- **Task objective**
The required output is the exact sequence of lines from the line holding "6. ink cartridge box" to the end of the records, inclusive.

- **Input data**
• • •

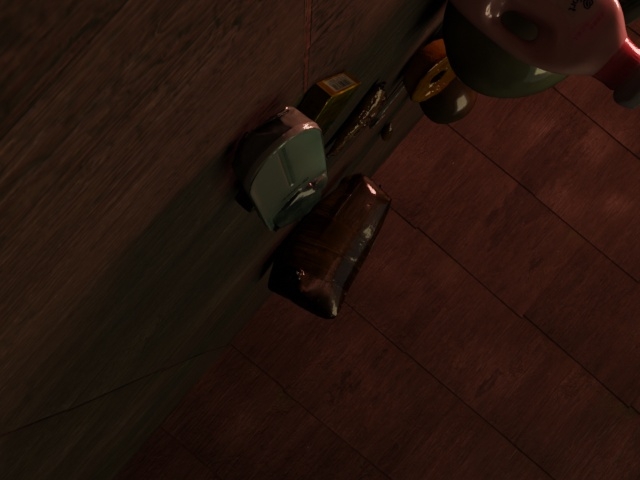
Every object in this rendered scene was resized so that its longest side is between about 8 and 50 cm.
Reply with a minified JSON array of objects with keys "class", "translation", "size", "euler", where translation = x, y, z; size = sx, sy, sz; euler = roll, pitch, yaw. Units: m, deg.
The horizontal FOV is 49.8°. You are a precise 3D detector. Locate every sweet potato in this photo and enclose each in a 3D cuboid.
[{"class":"sweet potato","translation":[0.191,-0.312,1.986],"size":[0.034,0.034,0.095],"euler":[-49,167,-18]}]

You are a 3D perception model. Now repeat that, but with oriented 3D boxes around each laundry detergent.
[{"class":"laundry detergent","translation":[0.333,-0.315,0.969],"size":[0.159,0.335,0.088],"euler":[-50,177,20]}]

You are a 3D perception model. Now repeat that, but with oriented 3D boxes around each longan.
[{"class":"longan","translation":[0.353,-0.416,1.872],"size":[0.205,0.159,0.185],"euler":[-64,176,6]}]

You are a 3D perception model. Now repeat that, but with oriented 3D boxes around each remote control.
[{"class":"remote control","translation":[-0.041,-0.075,0.789],"size":[0.104,0.052,0.247],"euler":[-42,168,-7]}]

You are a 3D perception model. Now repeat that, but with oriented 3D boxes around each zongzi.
[{"class":"zongzi","translation":[0.000,0.000,1.964],"size":[0.403,0.207,0.432],"euler":[-59,-163,-10]}]

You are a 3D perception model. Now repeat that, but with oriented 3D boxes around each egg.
[{"class":"egg","translation":[0.350,-0.386,1.157],"size":[0.352,0.258,0.258],"euler":[-51,179,-31]}]

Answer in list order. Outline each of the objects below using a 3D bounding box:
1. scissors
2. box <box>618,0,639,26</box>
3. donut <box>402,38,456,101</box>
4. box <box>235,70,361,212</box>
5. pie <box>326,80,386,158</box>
[{"class":"scissors","translation":[0.222,-0.382,1.525],"size":[0.360,0.029,0.191],"euler":[-51,178,21]},{"class":"box","translation":[0.578,-0.535,1.233],"size":[0.182,0.175,0.312],"euler":[-53,-177,-4]},{"class":"donut","translation":[0.234,-0.356,1.434],"size":[0.151,0.058,0.152],"euler":[-31,163,-11]},{"class":"box","translation":[-0.029,-0.129,0.896],"size":[0.193,0.030,0.121],"euler":[-52,176,29]},{"class":"pie","translation":[0.072,-0.219,1.259],"size":[0.170,0.034,0.092],"euler":[-52,173,20]}]
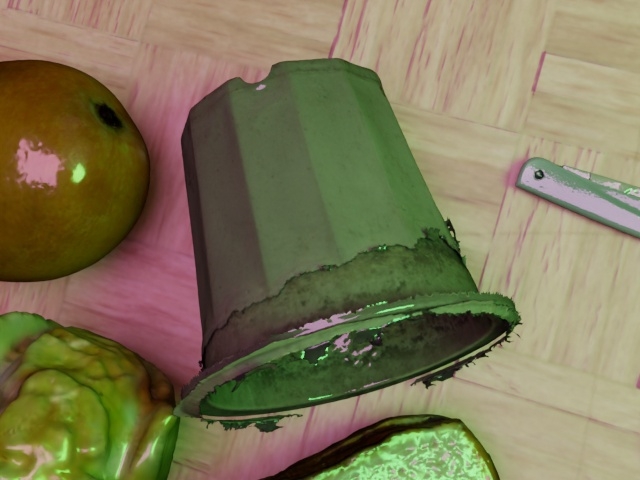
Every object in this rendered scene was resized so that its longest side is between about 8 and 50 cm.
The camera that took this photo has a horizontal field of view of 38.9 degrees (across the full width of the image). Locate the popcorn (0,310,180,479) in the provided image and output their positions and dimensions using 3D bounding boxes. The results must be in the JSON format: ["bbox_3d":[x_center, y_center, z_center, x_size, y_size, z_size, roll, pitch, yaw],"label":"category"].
[{"bbox_3d":[-0.249,0.206,0.792,0.225,0.276,0.276,26,91,14],"label":"popcorn"}]

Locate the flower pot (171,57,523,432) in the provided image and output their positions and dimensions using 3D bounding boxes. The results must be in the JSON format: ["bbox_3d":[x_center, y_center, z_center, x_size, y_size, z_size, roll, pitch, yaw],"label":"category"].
[{"bbox_3d":[0.000,0.000,0.760,0.290,0.290,0.259,-17,70,10],"label":"flower pot"}]

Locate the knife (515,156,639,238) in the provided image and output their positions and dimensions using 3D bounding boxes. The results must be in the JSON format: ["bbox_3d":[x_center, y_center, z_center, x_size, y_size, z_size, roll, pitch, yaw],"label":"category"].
[{"bbox_3d":[0.258,-0.037,0.819,0.162,0.023,0.044,24,92,12],"label":"knife"}]

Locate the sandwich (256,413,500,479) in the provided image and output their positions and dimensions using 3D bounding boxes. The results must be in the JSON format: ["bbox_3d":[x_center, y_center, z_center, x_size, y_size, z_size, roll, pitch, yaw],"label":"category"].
[{"bbox_3d":[0.064,0.298,0.762,0.249,0.095,0.273,-22,80,-12],"label":"sandwich"}]

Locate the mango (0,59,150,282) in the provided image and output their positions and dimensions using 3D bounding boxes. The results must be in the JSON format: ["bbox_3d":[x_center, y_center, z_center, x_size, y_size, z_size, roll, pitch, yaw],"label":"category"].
[{"bbox_3d":[-0.312,-0.061,0.871,0.317,0.173,0.211,-8,90,23],"label":"mango"}]
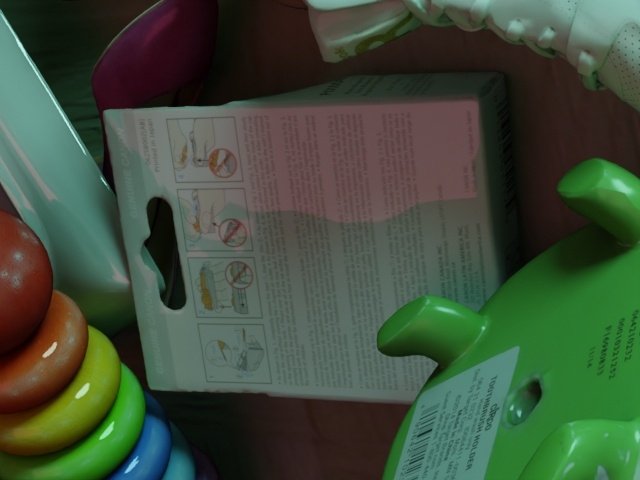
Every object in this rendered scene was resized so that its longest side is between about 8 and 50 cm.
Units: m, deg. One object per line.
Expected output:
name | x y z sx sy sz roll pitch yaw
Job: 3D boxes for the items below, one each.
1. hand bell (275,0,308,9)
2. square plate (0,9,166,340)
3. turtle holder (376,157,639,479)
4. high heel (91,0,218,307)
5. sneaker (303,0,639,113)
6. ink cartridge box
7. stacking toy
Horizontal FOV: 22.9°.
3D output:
hand bell | -0.079 -0.160 0.834 0.126 0.242 0.126 14 117 31
square plate | -0.277 -0.042 1.103 0.344 0.049 0.347 57 142 4
turtle holder | 0.180 0.098 0.772 0.227 0.243 0.320 35 112 -18
high heel | -0.098 -0.048 0.990 0.117 0.082 0.244 53 134 17
sneaker | 0.086 -0.118 0.782 0.169 0.108 0.292 -36 75 8
ink cartridge box | 0.000 0.000 0.932 0.232 0.066 0.189 2 110 25
stacking toy | -0.162 0.105 0.989 0.141 0.141 0.330 10 139 33

• • •

- **Problem solution**
6. ink cartridge box
7. stacking toy
Horizontal FOV: 22.9°.
3D output:
hand bell | -0.079 -0.160 0.834 0.126 0.242 0.126 14 117 31
square plate | -0.277 -0.042 1.103 0.344 0.049 0.347 57 142 4
turtle holder | 0.180 0.098 0.772 0.227 0.243 0.320 35 112 -18
high heel | -0.098 -0.048 0.990 0.117 0.082 0.244 53 134 17
sneaker | 0.086 -0.118 0.782 0.169 0.108 0.292 -36 75 8
ink cartridge box | 0.000 0.000 0.932 0.232 0.066 0.189 2 110 25
stacking toy | -0.162 0.105 0.989 0.141 0.141 0.330 10 139 33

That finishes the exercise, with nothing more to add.